== Requirement ==
Nothing but the lines from the one with "- car (885,258,975,281)" through the last line of the entries below should appear in the copy, please, and no pictures.

== Data in this exercise ==
□ □ □ □ □ □ □

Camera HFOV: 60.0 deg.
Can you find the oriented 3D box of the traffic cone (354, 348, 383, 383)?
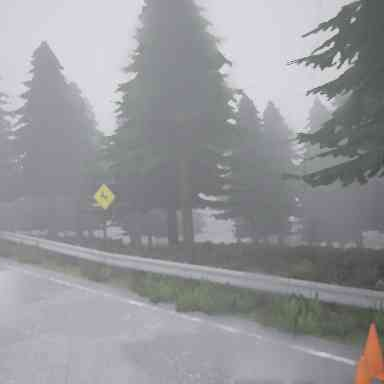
[{"bbox_3d":[1.722,1.957,3.347,0.340,0.580,0.340,0,0,34],"label":"traffic cone"}]

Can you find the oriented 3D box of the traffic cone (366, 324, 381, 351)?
[{"bbox_3d":[2.275,1.958,4.178,0.340,0.580,0.340,0,0,34],"label":"traffic cone"}]
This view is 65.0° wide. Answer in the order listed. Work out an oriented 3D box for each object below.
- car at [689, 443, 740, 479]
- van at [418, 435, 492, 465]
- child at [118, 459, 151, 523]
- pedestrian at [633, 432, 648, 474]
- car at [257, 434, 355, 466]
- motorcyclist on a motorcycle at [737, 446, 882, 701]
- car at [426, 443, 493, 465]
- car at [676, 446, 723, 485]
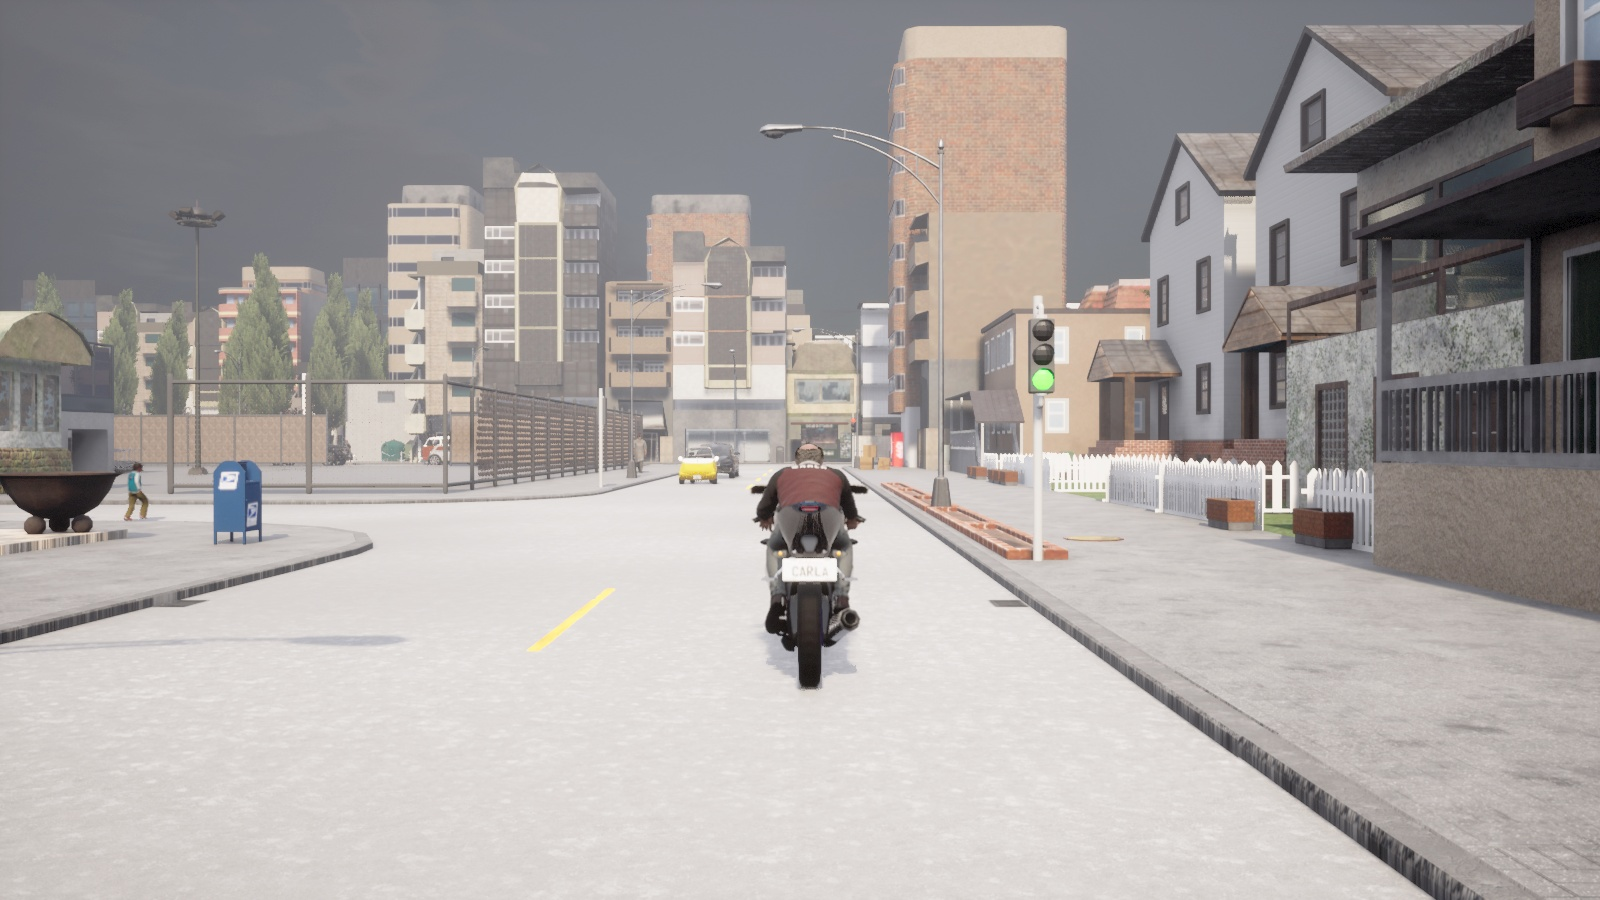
[{"bbox_3d":[-3.659,0.458,54.506,1.837,1.490,4.892,0,0,1],"label":"car"},{"bbox_3d":[-23.619,-0.013,86.152,4.480,2.038,2.069,-1,0,0],"label":"van"},{"bbox_3d":[-12.695,0.780,23.962,0.343,1.192,0.448,0,0,19],"label":"child"},{"bbox_3d":[-7.449,0.138,58.588,0.659,1.952,0.873,0,0,-8],"label":"pedestrian"},{"bbox_3d":[-32.277,0.001,82.209,5.566,2.045,2.150,0,0,1],"label":"car"},{"bbox_3d":[0.063,0.736,8.617,0.866,1.530,2.191,0,0,0],"label":"motorcyclist on a motorcycle"},{"bbox_3d":[-22.267,0.256,82.152,3.806,1.475,1.970,0,0,1],"label":"car"},{"bbox_3d":[-3.680,0.552,46.241,1.481,1.376,2.207,0,0,1],"label":"car"}]
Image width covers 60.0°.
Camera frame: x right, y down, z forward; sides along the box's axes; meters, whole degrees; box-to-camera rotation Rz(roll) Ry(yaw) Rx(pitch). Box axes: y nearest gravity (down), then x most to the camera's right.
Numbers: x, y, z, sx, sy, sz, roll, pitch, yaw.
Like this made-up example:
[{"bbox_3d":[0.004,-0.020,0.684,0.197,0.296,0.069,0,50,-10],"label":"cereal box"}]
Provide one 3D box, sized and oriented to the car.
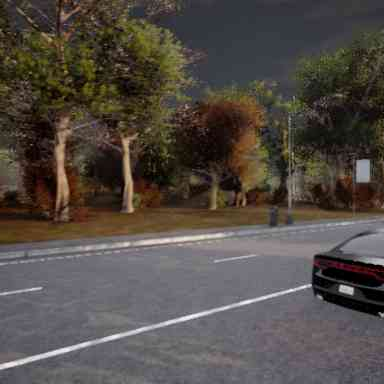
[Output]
[{"bbox_3d":[4.631,1.501,7.062,5.008,1.535,1.882,0,0,-35],"label":"car"}]
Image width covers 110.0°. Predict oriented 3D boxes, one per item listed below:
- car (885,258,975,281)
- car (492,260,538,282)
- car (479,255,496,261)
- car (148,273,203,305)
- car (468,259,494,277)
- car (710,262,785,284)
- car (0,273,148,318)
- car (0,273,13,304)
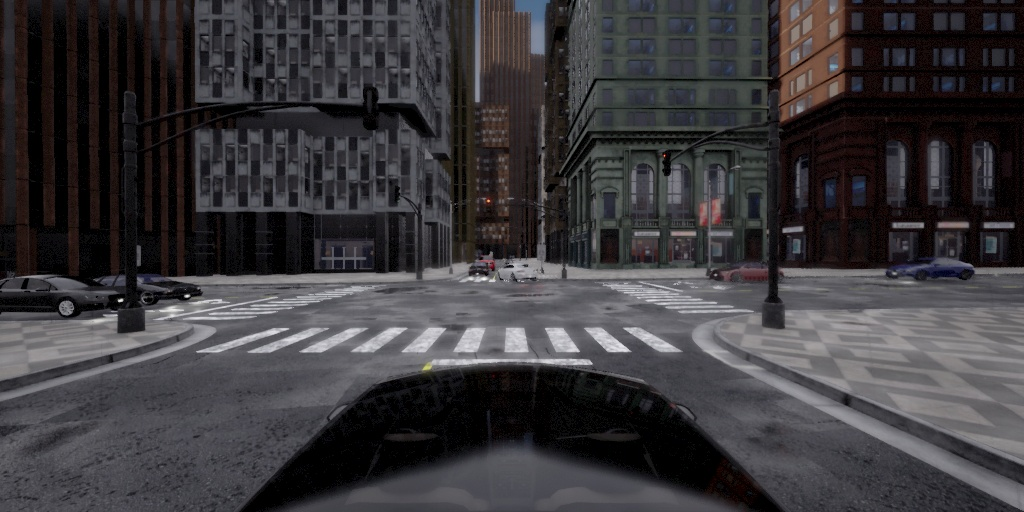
[{"bbox_3d":[27.709,0.867,23.789,4.674,1.442,1.812,-1,0,0],"label":"car"},{"bbox_3d":[0.384,1.259,28.429,1.812,1.442,4.674,-2,1,-25],"label":"car"},{"bbox_3d":[-3.331,0.934,46.873,2.150,2.045,5.566,0,0,-1],"label":"car"},{"bbox_3d":[-17.863,1.523,17.023,5.357,1.411,2.033,-1,0,5],"label":"car"},{"bbox_3d":[-3.236,1.276,36.193,2.033,1.411,5.357,0,0,0],"label":"car"},{"bbox_3d":[15.507,1.060,23.763,4.181,1.385,1.994,-1,0,0],"label":"car"},{"bbox_3d":[-17.420,1.492,13.717,4.892,1.490,1.837,-1,0,0],"label":"car"},{"bbox_3d":[-27.350,1.609,16.942,4.892,1.490,1.837,-1,0,0],"label":"car"}]

□ □ □ □ □ □ □

== Response area ==
- car (885,258,975,281)
- car (492,260,538,282)
- car (479,255,496,261)
- car (148,273,203,305)
- car (468,259,494,277)
- car (710,262,785,284)
- car (0,273,148,318)
- car (0,273,13,304)
[{"bbox_3d":[27.709,0.867,23.789,4.674,1.442,1.812,-1,0,0],"label":"car"},{"bbox_3d":[0.384,1.259,28.429,1.812,1.442,4.674,-2,1,-25],"label":"car"},{"bbox_3d":[-3.331,0.934,46.873,2.150,2.045,5.566,0,0,-1],"label":"car"},{"bbox_3d":[-17.863,1.523,17.023,5.357,1.411,2.033,-1,0,5],"label":"car"},{"bbox_3d":[-3.236,1.276,36.193,2.033,1.411,5.357,0,0,0],"label":"car"},{"bbox_3d":[15.507,1.060,23.763,4.181,1.385,1.994,-1,0,0],"label":"car"},{"bbox_3d":[-17.420,1.492,13.717,4.892,1.490,1.837,-1,0,0],"label":"car"},{"bbox_3d":[-27.350,1.609,16.942,4.892,1.490,1.837,-1,0,0],"label":"car"}]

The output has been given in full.